I've been reading your posts for the past 8 months as I've been progressing in learning the art of investing. I've been meaning to registered, but was not serious enough about investing to get to it... However, things have changed and I want to dive into it now.

A bit more about myself... I've always been into money and accumulating wealth. Since I could remember, it's been a little obsession of mine. I would always pick the pennies I would find on the floor and as a kid would spend my days just collecting empty cola cans to cash them in. I'm quite stingy and live bellow my means... This as allowed me to accumulate 150 000$ so far. I also work hard and have 2 jobs, one in real estate and one in IT. 

My first experience with the stock market has been quite negative... When I was in high school, my mother was thinking it would be a good idea for me to get some stocks... Hey, these cool IT company just kept going up... That when I put about 4k into Nortell Networks... that was my entire 15-16 years old life savings... Needless to say, it was quite traumatic when I lost it all and I have had a literal aversion to the markets ever since...

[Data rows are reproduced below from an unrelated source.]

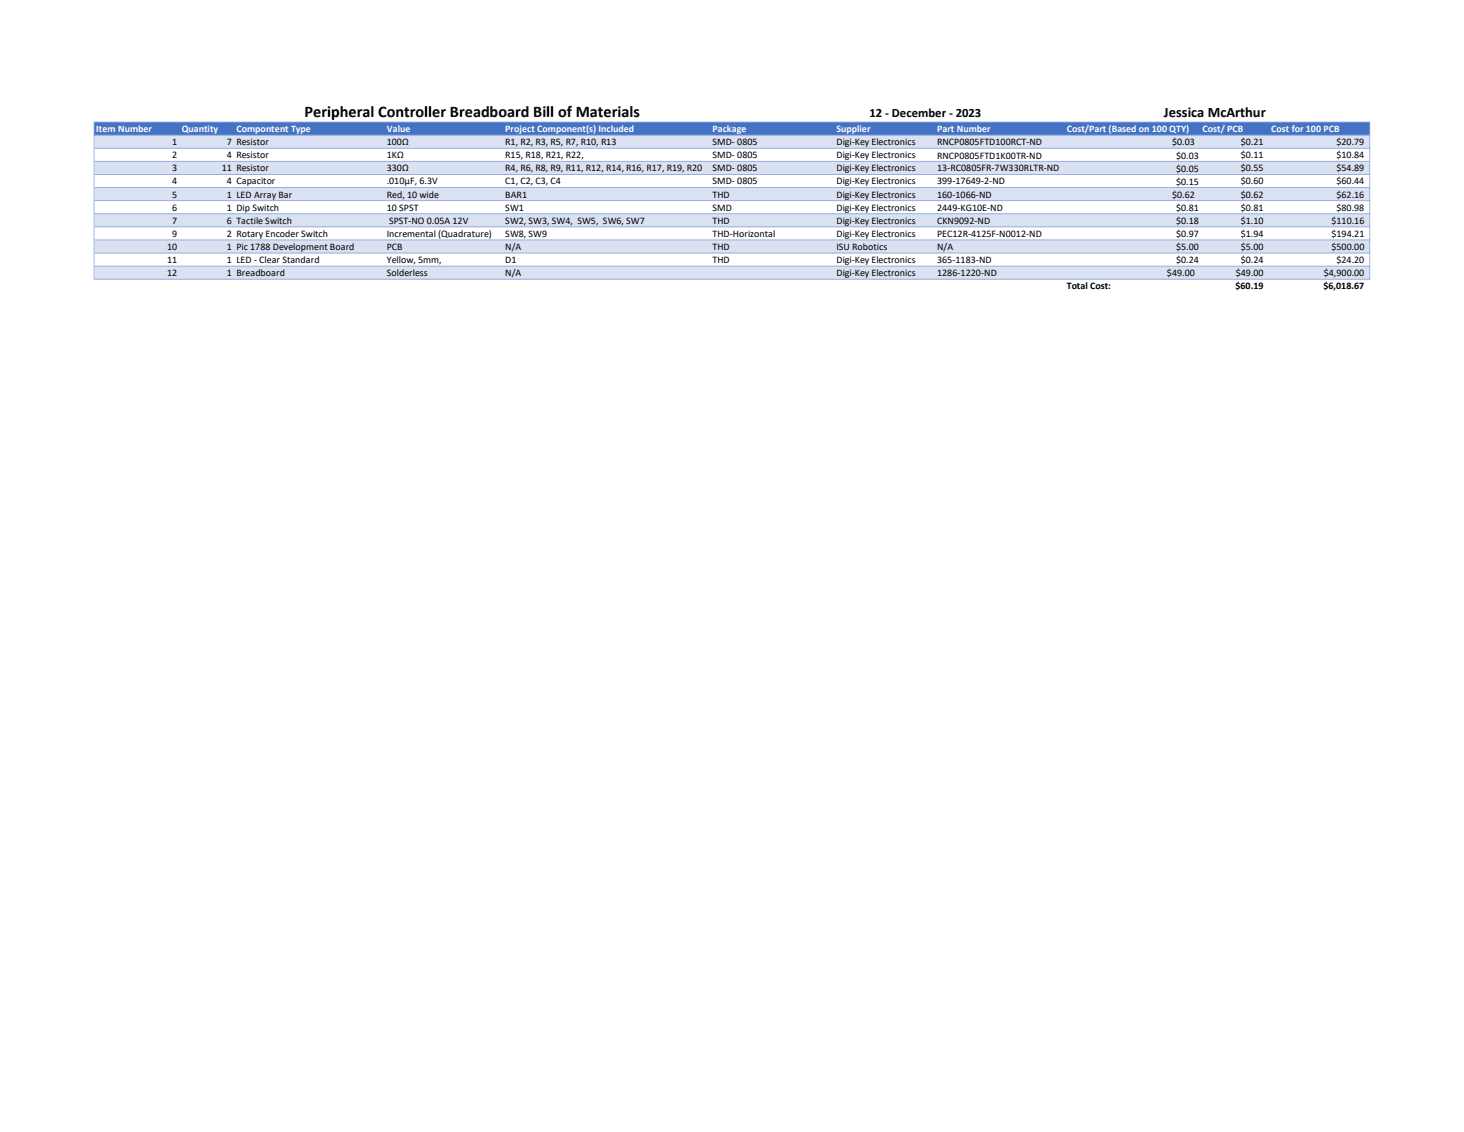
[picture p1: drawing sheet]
<svg xmlns="http://www.w3.org/2000/svg" width="279mm" height="216mm" viewBox="0 0 279 216" stroke-linecap="round" stroke-linejoin="round" font-family="sans-serif">
<defs><g id="words">
<text font-size="3.1" x="58.1" y="22.3">Peripheral Controller Breadboard Bill of Materials</text>
<text font-size="2.8" x="222.1" y="22.3">Jessica McArthur</text>
<text font-size="2.4" x="165.9" y="22.3">12 - December - 2023</text>
<g font-size="1.9" fill="#fff">
<text x="18.4" y="25.2">Item Number</text>
<text x="34.7" y="25.2">Quantity</text>
<text x="45.1" y="25.2">Compontent Type</text>
<text x="73.8" y="25.2">Value</text>
<text x="96.4" y="25.2">Project Component(s) Included</text>
<text x="136" y="25.2">Package</text>
<text x="159.6" y="25.2">Supplier</text>
<text x="178.9" y="25.2">Part Number</text>
<text x="203.6" y="25.2">Cost/Part (Based on 100 QTY)</text>
<text x="229.5" y="25.2">Cost/ PCB</text>
<text x="242.6" y="25.2">Cost for 100 PCB</text>
</g>
<g font-size="1.9">
<text x="32.9" y="27.7">1</text>
<text x="43.3" y="27.7">7 Resistor</text>
<text x="73.8" y="27.7">100Ω</text>
<text x="96.4" y="27.7">R1, R2, R3, R5, R7, R10, R13</text>
<text x="136" y="27.7">SMD- 0805</text>
<text x="159.6" y="27.7">Digi-Key Electronics</text>
<text x="178.9" y="27.7">RNCP0805FTD100RCT-ND</text>
<text x="223.7" y="27.7">$0.03</text>
<text x="236.8" y="27.7">$0.21</text>
<text x="255.1" y="27.7">$20.79</text>
<text x="32.9" y="30.2">2</text>
<text x="32.9" y="32.7">3</text>
<text x="32.9" y="35.2">4</text>
<text x="42.3" y="32.7">11 Resistor</text>
<text x="43.3" y="30.2">4 Resistor</text>
<text x="43.3" y="35.2">4 Capacitor</text>
<text x="73.8" y="30.2">1KΩ</text>
<text x="73.8" y="32.7">330Ω</text>
<text x="73.8" y="35.2">.010µF, 6.3V</text>
<text x="96.4" y="30.2">R15, R18, R21, R22,</text>
<text x="96.4" y="32.7">R4, R6, R8, R9, R11, R12, R14, R16, R17, R19, R20</text>
<text x="96.4" y="35.2">C1, C2, C3, C4</text>
<text x="136" y="30.2">SMD- 0805</text>
<text x="136" y="32.7">SMD- 0805</text>
<text x="136" y="35.2">SMD- 0805</text>
<text x="159.6" y="30.2">Digi-Key Electronics</text>
<text x="159.6" y="32.7">Digi-Key Electronics</text>
<text x="159.6" y="35.2">Digi-Key Electronics</text>
<text x="178.9" y="30.3">RNCP0805FTD1K00TR-ND</text>
<text x="178.9" y="32.7">13-RC0805FR-7W330RLTR-ND</text>
<text x="178.9" y="35.2">399-17649-2-ND</text>
<text x="224.5" y="30.3">$0.03</text>
<text x="224.5" y="32.8">$0.05</text>
<text x="224.5" y="35.3">$0.15</text>
<text x="236.8" y="30.2">$0.11</text>
<text x="236.8" y="32.7">$0.55</text>
<text x="236.8" y="35.2">$0.60</text>
<text x="255.1" y="30.2">$10.84</text>
<text x="255.1" y="32.7">$54.89</text>
<text x="255.1" y="35.2">$60.44</text>
<text x="32.9" y="37.7">5</text>
<text x="32.9" y="40.2">6</text>
<text x="43.3" y="37.7">1 LED Array Bar</text>
<text x="43.3" y="40.2">1 Dip Switch</text>
<text x="73.8" y="37.7">Red, 10 wide</text>
<text x="73.8" y="40.2">10 SPST</text>
<text x="96.4" y="37.7">BAR1</text>
<text x="96.4" y="40.2">SW1</text>
<text x="136" y="37.7">THD</text>
<text x="136" y="40.2">SMD</text>
<text x="159.6" y="37.7">Digi-Key Electronics</text>
<text x="159.6" y="40.2">Digi-Key Electronics</text>
<text x="178.9" y="37.7">160-1066-ND</text>
<text x="178.9" y="40.2">2449-KG10E-ND</text>
<text x="223.7" y="37.7">$0.62</text>
<text x="224.5" y="40.3">$0.81</text>
<text x="236.8" y="37.7">$0.62</text>
<text x="236.8" y="40.2">$0.81</text>
<text x="255.1" y="37.7">$62.16</text>
<text x="255.1" y="40.2">$80.98</text>
<text x="31.9" y="47.7">10</text>
<text x="32.9" y="42.7">7</text>
<text x="32.9" y="45.2">9</text>
<text x="43.3" y="42.7">6 Tactile Switch</text>
<text x="43.3" y="45.2">2 Rotary Encoder Switch</text>
<text x="43.3" y="47.7">1 Pic 1788 Development Board</text>
<text x="73.8" y="45.2">Incremental (Quadrature)</text>
<text x="73.8" y="47.7">PCB</text>
<text x="74.2" y="42.7">SPST-NO 0.05A 12V</text>
<text x="96.4" y="42.7">SW2, SW3, SW4, SW5, SW6, SW7</text>
<text x="96.4" y="45.2">SW8, SW9</text>
<text x="96.4" y="47.7">N/A</text>
<text x="136" y="42.7">THD</text>
<text x="136" y="45.2">THD-Horizontal</text>
<text x="136" y="47.7">THD</text>
<text x="159.6" y="42.7">Digi-Key Electronics</text>
<text x="159.6" y="45.2">Digi-Key Electronics</text>
<text x="159.6" y="47.7">ISU Robotics</text>
<text x="178.9" y="42.7">CKN9092-ND</text>
<text x="178.9" y="45.2">PEC12R-4125F-N0012-ND</text>
<text x="178.9" y="47.7">N/A</text>
<text x="224.5" y="42.8">$0.18</text>
<text x="224.5" y="45.3">$0.97</text>
<text x="224.5" y="47.8">$5.00</text>
<text x="236.8" y="42.7">$1.10</text>
<text x="236.8" y="45.2">$1.94</text>
<text x="236.8" y="47.7">$5.00</text>
<text x="254.1" y="42.7">$110.16</text>
<text x="254.1" y="45.2">$194.21</text>
<text x="254.1" y="47.7">$500.00</text>
<text x="31.9" y="50.2">11</text>
<text x="31.9" y="52.7">12</text>
<text x="43.3" y="50.2">1 LED - Clear Standard</text>
<text x="43.3" y="52.7">1 Breadboard</text>
<text x="73.8" y="50.2">Yellow, 5mm,</text>
<text x="73.8" y="52.7">Solderless</text>
<text x="96.4" y="50.2">D1</text>
<text x="96.4" y="52.7">N/A</text>
<text x="136" y="50.2">THD</text>
<text x="159.6" y="50.2">Digi-Key Electronics</text>
<text x="159.6" y="52.7">Digi-Key Electronics</text>
<text x="178.9" y="50.2">365-1183-ND</text>
<text x="178.9" y="52.7">1286-1220-ND</text>
<text x="222.7" y="52.7">$49.00</text>
<text x="224.5" y="50.2">$0.24</text>
<text x="235.8" y="52.7">$49.00</text>
<text x="236.8" y="50.2">$0.24</text>
<text x="252.6" y="52.7">$4,900.00</text>
<text x="255.1" y="50.2">$24.20</text>
<text x="203.6" y="55.2">Total Cost:</text>
<text x="235.8" y="55.2">$60.19</text>
<text x="252.6" y="55.2">$6,018.67</text>
</g>
</g></defs>
<path d="M18.1 23.3h243.4v2.5h-243.4z" fill="#4472c4"/>
<path d="M18.1 25.8h243.4v2.5h-243.4zM18.1 30.8h243.4v2.5h-243.4zM18.1 35.8h243.4v2.5h-243.4zM18.1 40.8h243.4v2.5h-243.4zM18.1 45.8h243.4v2.5h-243.4zM18.1 50.8h243.4v2.5h-243.4z" fill-rule="evenodd" fill="#d9e1f2"/>
<g fill="#8ea9db">
<path d="M17.9 23.2h.1v30.1h-.1zM261.3 23.4h.2v29.9h-.2z" fill-rule="evenodd"/>
<path d="M18 23.2h243.5v.2h-243.5zM18 25.7h243.5v.2h-243.5zM18 28.2h243.5v.2h-243.5zM18 30.7h243.5v.2h-243.5zM18 33.2h243.5v.2h-243.5zM18 35.7h243.5v.2h-243.5zM18 38.2h243.5v.2h-243.5zM18 40.7h243.5v.2h-243.5zM18 43.2h243.5v.1h-243.5zM18 45.7h243.5v.1h-243.5zM18 48.2h243.5v.1h-243.5zM18 50.7h243.5v.1h-243.5zM18 53.2h243.5v.1h-243.5z" fill-rule="evenodd"/>
</g>
<use href="#words"/>
</svg>

I was looking to put my wealth into the real estate market (revenue property), but it seems pretty obvious that we are at the end of a bull cycle and I will not put it in this asset class.

I've opened an account with questrade in early this year to take advantage of the collapsed oil prices and I've been slowly learning about the markets since and taking a liking to it.

I would say that I am definitely a value investor... I believe the best way to go with the market is to find undervalued assets and wait for them to come back to a fair price... To take advantage of the human psychology and use it for some nice gains...

Hope to get to know some of you better.

Regards,

Simon


----------



## JakeSpeers (Aug 12, 2015)

I tries sending you a pm, but it wouldn't let me.. maybe I don't have enough posts yet!


----------



## Just a Guy (Mar 27, 2012)

I'd consider myself a value investor, however I take it one step further and only invest in companies I know. I also apply value investing to real estate.

While I generally agree that real estate is too high, the market doesn't work on fixed pricing like the stock market. I've found some of the best deals right in the middle of a booming market. I believe I was one of the only value investors looking at those times which meant I had little competition. Properties you buy for revenue are generally different from ones people buy to live in. If people need/want to sell it allows you to pick up deals no matter what the economic conditions.

Of course, I think many more properties will soon come on the market as it starts to collapse, but then interest rates may go up and more competition from other investors may show up.


----------



## tygrus (Mar 13, 2012)

Value investing is dead, there is only hold your nose and buy and go away for 10 years, if you can stomach it.


----------



## Spudd (Oct 11, 2011)

tygrus said:


> Value investing is dead, there is only hold your nose and buy and go away for 10 years, if you can stomach it.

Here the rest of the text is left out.